I’ve always imagined myself to have a complex (read ‘difficult’) relationship with my family. I am the child of immigrant parents and have grown up a ‘third culture kid’ straddling two worlds, never really belonging in either one. I’ve felt increasingly distant, and different from them. This week, though, the week after my mother called me, I have never longed so much for the people I have always thought didn’t know me. My whole family flew up to Harare, and, due to passport nightmares familiar to all kids of the third culture, my brother and I cannot leave South Africa and have stayed put in our ‘regular’ lives, where the world and those in it have gone on as if my aunt hadn’t just died. At first I was filled with a deep incomprehension: how can everybody continue to talk to me about work, about their lives and their schedules? My aunt has died. This was followed by a vague passive-aggressive resentment: I will not be responding to your pithy message. Why, you ask? Well, my aunt is dead. Gone.

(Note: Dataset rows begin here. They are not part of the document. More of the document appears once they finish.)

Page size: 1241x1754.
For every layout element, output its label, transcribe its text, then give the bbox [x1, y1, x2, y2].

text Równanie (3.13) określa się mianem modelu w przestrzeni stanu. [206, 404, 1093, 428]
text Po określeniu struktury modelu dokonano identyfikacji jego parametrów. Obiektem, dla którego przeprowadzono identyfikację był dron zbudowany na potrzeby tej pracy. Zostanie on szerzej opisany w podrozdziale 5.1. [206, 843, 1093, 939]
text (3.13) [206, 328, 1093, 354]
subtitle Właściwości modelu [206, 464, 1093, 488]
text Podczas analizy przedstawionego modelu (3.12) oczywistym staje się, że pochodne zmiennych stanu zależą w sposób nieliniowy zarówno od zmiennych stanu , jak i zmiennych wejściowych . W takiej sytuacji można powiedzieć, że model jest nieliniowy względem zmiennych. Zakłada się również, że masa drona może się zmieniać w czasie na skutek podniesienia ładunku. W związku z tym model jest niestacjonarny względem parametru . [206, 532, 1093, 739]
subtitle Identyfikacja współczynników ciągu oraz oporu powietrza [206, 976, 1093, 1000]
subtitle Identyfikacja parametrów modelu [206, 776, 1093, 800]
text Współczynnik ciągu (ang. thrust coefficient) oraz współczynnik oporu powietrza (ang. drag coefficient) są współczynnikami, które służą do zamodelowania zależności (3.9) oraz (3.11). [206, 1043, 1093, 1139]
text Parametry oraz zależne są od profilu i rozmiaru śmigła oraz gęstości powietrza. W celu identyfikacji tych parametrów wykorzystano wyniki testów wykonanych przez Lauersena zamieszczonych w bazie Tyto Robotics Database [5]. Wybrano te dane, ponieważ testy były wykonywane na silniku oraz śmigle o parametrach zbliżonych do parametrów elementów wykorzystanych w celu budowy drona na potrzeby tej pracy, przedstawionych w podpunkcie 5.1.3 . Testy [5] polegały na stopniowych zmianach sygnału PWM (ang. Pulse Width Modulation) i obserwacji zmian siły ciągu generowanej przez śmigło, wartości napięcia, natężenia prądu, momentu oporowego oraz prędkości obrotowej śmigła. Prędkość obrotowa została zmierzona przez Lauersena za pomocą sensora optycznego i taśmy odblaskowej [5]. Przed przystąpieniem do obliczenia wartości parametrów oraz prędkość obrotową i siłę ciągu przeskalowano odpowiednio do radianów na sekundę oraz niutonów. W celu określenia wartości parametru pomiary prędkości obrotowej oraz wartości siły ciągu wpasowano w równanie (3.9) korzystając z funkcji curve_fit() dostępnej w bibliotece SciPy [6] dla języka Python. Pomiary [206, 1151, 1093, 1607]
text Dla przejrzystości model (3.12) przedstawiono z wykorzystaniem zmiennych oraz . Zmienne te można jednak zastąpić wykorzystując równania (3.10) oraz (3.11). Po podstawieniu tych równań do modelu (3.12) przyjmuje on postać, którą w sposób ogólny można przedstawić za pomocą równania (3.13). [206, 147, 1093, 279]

I realised, though, that the problem was not the world that seemed to continue regardless of whether or not my aunt was in it. The problem was that I needed to be around people whose worlds had also stopped. Who were taking a moment, collectively, to let out the pain burning through their hearts like acid from the knowledge that one of lights in our world was out. I needed to share my story about that Tuesday morning phone call that transformed my world from one with her in it to one in which she was gone. I needed to know when that moment happened for my aunt’s children, who are now alone without their mother. When did it happen for my mother, who has now lost her baby sister? And for my grandmother, my only surviving grandparent, whose mind is wracked with dementia, does the moment keep happening? Does someone have to bring her world to a crushing standstill every day? Every hour? To paraphrase that song by The Verve, I needed to hear some sounds that recognised the pain in me. I needed to be around the only people in the world who would know what I meant when I said my aunt has died.

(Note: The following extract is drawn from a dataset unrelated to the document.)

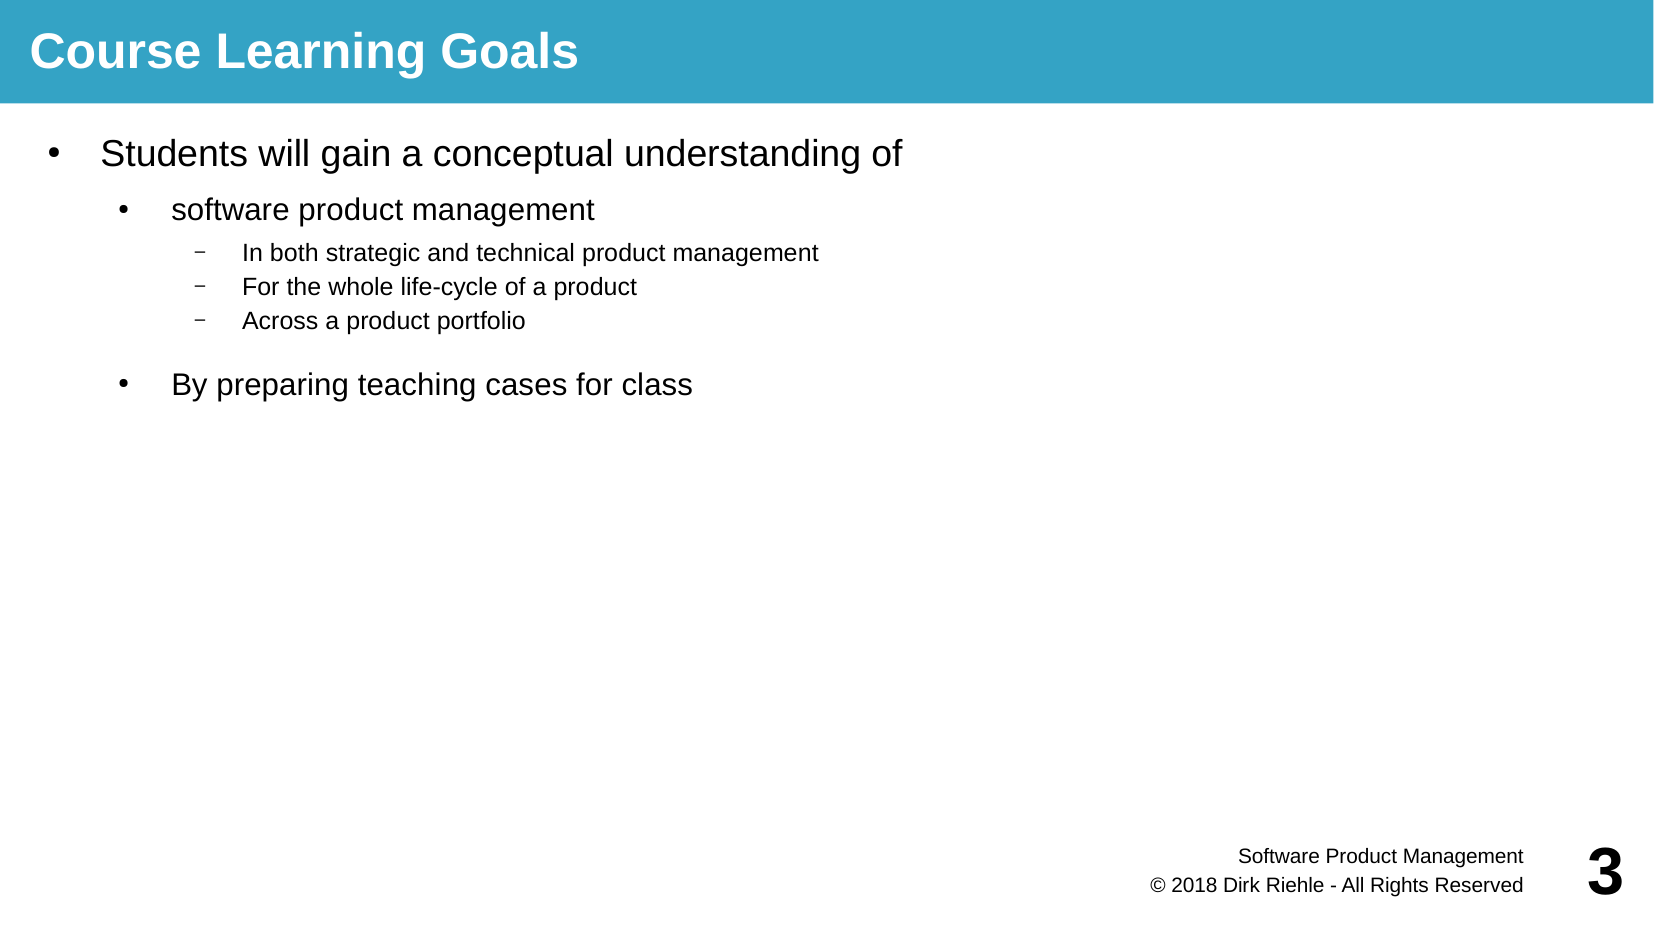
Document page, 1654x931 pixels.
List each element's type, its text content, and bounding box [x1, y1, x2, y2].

title Course Learning Goals [0, 0, 1654, 104]
list Students will gain a conceptual understanding of software product management In both strategic and technical product management For the whole life-cycle of a product Across a product portfolio By preparing teaching cases for class [29, 132, 1625, 813]

Stage 4, or ‘you will feel their spirit around you’

I have been desperate for a sign of some kind, any kind, that my aunt’s spirit is still here and that she is with me, and is listening to my pain, so she knows how much she mattered, how much she will be missed, the void that remains where she was. Today, just as my family was making the journey from the graveyard where they buried her, I got a text indicating that my application for citizenship has been finalised, meaning my passport woes will soon be a thing of the past. I have been waiting for that message, banging down doors, standing in queues, holding on calls for over two years. Today, the day that they laid my aunt to rest, in my and my brother’s absence, I got a text that means that in the foreseeable future, I will be able to visit her resting place.

I can’t see that that’s a coincidence. I remember a few years ago, having a (rare) phone conversation with her in which she asked when I would be coming ‘home’. I brushed it off. Soon, Aunty, I said. Hmph, she said. Looks like I’ll be home sooner than either of us thought.

Stage 5, or ‘the ritual of goodbye is important’

They buried my aunt today. They put her in the ground, said words and prayers and sang, proclaimed that they were returning her to the earth, and said goodbye. I wish I could’ve been there to say goodbye to her with the rest of my family but I couldn’t. After work, my husband and I went to the promenade, a place she loved to visit, a place of great comfort, where I take my sorrow and my joy. As, I released the roses my husband bought for her into the unsettled and rough ocean, I remembered her happy, dancing at my wedding. I remembered her at Christmas, dancing with her sisters. I remembered how she loved what she loved – her parents, her children, her nieces and nephews, cooking, her church, her friends – with a full and open heart. I remembered how I never saw her hold back, not once. I remembered. And we went home. And because you should never leave the things that need to be said unsaid, I called my brother, to tell him I love him.